Making Virtual Teams Work

As the war for talent rages on, the use of virtual teams continues to grow as companies look well beyond the 30-minute commute to find the right people with the right stuff. Companies who limit their sights to local workers are missing the vast majority of the labor pool. Winning organizations are reaching well beyond their city, state, and even country borders to find the best of the best so they can deliver high-performance results.

That said, virtual teams are not business as usual in most companies. One needs to consider different types of configurations, what projects can be tackled, and the mechanics of how a virtual team works to be successful with this approach. A virtual team needs to be carefully designed and managed to avoid disappointment, failure and missed opportunities.

Over the last several weeks, I have interviewed over a dozen experts in communications, project management, organizational development, and talent about the ins and outs of virtual teams. Below are some of the key takeaways from those conversations. For my entire interviews with these experts, follow the link at the end of this article.

Zero in on your goals and measurements

Like any team, virtual teams need a clear purpose and set of objectives. They need to know what their mission is, who they are serving, what they are expected to deliver, and what value they are generating for their client. Outline this clearly and reference it often in the early stages. Allow time for discussion and provide clarifications where necessary.

More so than physically co-located teams, virtual teams need well-defined measurement criteria and reporting. Since there are less opportunities to collectively “see” the results, there needs to be more frequent and more visual reporting of the status and progress toward goals. Develop a handful of leading KPI that will show the team how they are doing as a unit, not just as individuals. Have it distributed daily, and discuss it at least weekly.

Virtual team-building takes more time and more intention

A large part of team-building is developing one-on-one relationships with your team members. This happens naturally with in-person teams. With virtual teams, this is extremely difficult to do without a clear game plan. If possible, get your team together in-person in the beginning stages, and spend time together outside of work too. If your team can’t make the trek, make sure to do plenty of all-hands video chats. Start sessions with ice-breakers, like asking everyone to share personal details about their interests and non-work lives. It’s equally effective to pair people up on early tasks, working together over the phone or video.

Be deliberate with your communications

Even when communicating over video, a lot of non-verbal interaction is lost  ̶­  it’s far worse over the phone and email. The subtle cues of facial expressions, hand gestures, and posture are missed. Encourage everyone to use a deliberate “round-trip” protocol  ̶­  meaning once you say something, the other person repeats what they heard, then you confirm that it was indeed what you meant, and vice-versa. On conference and video calls, check in with everyone regularly to make sure they are engaged and being heard. And don’t forget the emotional factor; virtual teams need to be better at expressing their emotional states and reactions clearly. Be explicit and intentional when you speak and write to avoid being misunderstood.

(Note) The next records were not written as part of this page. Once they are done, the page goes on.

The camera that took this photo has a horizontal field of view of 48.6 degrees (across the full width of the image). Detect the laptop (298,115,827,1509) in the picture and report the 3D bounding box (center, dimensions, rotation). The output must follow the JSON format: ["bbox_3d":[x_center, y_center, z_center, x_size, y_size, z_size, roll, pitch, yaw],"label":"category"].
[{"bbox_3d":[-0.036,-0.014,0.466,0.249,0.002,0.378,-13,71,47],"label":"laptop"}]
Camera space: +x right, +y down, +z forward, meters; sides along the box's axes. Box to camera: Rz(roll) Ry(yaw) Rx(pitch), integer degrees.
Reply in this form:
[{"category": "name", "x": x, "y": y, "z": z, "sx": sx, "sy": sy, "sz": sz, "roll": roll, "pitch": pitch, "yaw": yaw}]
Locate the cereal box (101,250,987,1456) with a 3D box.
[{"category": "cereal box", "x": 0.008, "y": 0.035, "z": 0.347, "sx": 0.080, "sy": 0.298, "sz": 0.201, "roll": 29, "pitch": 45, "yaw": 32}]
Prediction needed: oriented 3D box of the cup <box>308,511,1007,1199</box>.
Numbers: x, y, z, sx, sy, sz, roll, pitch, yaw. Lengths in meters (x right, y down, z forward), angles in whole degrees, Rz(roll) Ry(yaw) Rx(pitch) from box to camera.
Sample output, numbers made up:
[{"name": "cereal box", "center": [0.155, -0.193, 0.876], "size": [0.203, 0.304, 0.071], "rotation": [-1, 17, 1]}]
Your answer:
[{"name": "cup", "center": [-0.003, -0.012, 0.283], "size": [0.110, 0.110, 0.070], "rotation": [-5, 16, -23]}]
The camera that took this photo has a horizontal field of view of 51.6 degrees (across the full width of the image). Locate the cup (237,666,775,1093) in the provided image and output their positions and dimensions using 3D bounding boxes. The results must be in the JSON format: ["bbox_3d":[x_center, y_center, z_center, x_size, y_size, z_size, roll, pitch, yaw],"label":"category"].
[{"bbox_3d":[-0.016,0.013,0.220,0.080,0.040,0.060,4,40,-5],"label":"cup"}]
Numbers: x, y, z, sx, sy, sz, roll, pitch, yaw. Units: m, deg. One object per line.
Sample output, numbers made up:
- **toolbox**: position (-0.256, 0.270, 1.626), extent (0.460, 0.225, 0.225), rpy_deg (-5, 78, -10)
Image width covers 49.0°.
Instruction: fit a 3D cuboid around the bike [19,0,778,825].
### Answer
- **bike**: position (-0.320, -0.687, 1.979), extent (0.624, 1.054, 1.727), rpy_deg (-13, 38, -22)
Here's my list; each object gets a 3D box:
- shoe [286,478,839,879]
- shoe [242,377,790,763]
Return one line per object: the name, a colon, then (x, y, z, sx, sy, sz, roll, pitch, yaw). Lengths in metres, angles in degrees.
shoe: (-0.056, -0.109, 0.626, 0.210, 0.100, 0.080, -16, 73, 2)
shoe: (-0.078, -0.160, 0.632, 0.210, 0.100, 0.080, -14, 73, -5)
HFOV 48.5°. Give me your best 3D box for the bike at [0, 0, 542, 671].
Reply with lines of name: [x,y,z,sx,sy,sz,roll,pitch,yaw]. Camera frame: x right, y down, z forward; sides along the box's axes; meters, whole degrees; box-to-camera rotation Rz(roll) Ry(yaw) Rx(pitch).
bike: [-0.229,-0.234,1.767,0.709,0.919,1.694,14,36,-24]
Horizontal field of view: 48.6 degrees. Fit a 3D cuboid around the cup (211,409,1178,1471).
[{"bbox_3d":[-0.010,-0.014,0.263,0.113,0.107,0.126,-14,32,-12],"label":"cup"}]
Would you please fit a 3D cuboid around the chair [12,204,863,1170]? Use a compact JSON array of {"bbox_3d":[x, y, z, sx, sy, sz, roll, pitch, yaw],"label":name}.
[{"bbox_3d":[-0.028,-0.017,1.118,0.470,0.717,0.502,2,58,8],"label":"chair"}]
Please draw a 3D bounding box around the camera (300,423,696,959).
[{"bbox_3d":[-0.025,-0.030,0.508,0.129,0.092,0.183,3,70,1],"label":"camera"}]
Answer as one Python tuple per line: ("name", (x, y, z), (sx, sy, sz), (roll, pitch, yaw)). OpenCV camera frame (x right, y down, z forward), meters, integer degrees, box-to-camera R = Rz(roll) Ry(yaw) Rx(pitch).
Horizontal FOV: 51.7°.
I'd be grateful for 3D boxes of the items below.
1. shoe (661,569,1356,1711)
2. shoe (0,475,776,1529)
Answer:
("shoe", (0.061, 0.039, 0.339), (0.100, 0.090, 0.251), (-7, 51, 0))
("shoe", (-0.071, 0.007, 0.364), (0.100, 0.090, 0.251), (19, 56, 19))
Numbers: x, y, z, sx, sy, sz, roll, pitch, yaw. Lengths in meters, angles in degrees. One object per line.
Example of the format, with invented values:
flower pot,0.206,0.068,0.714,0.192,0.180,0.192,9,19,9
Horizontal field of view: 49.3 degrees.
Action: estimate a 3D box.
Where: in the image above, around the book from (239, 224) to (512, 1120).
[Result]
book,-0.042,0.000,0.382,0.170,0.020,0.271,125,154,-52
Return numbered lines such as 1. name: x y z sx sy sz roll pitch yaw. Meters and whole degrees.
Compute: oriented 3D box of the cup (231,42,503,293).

Set clear ground rules early on

As a team and organizational coach, one of the first things I ask my clients about is their ground rules around how the team has agreed to operate. Ground rules can be as simple as turning off cell phones during meetings, and as sophisticated as formal agenda templates and protocols for running meetings. The important thing is that the team agrees to a set of rules that allow them to work efficiently and effectively. A good team collectively enforces the rules, without shaming the rule-breakers. They regularly review their ground rules, changing existing ones and experiment with new ones.

Virtual teams need to create ground rules that help facilitate communications in their unique circumstances. For example, some virtual teams set rules around meeting times (i.e. “only meet in the morning” or “never meet on Fridays”). The point is to codify the agreements the team has made and to lock in good practices as new ground rules. Take the time to start this list of rules when the team forms, and then review them with each retrospective.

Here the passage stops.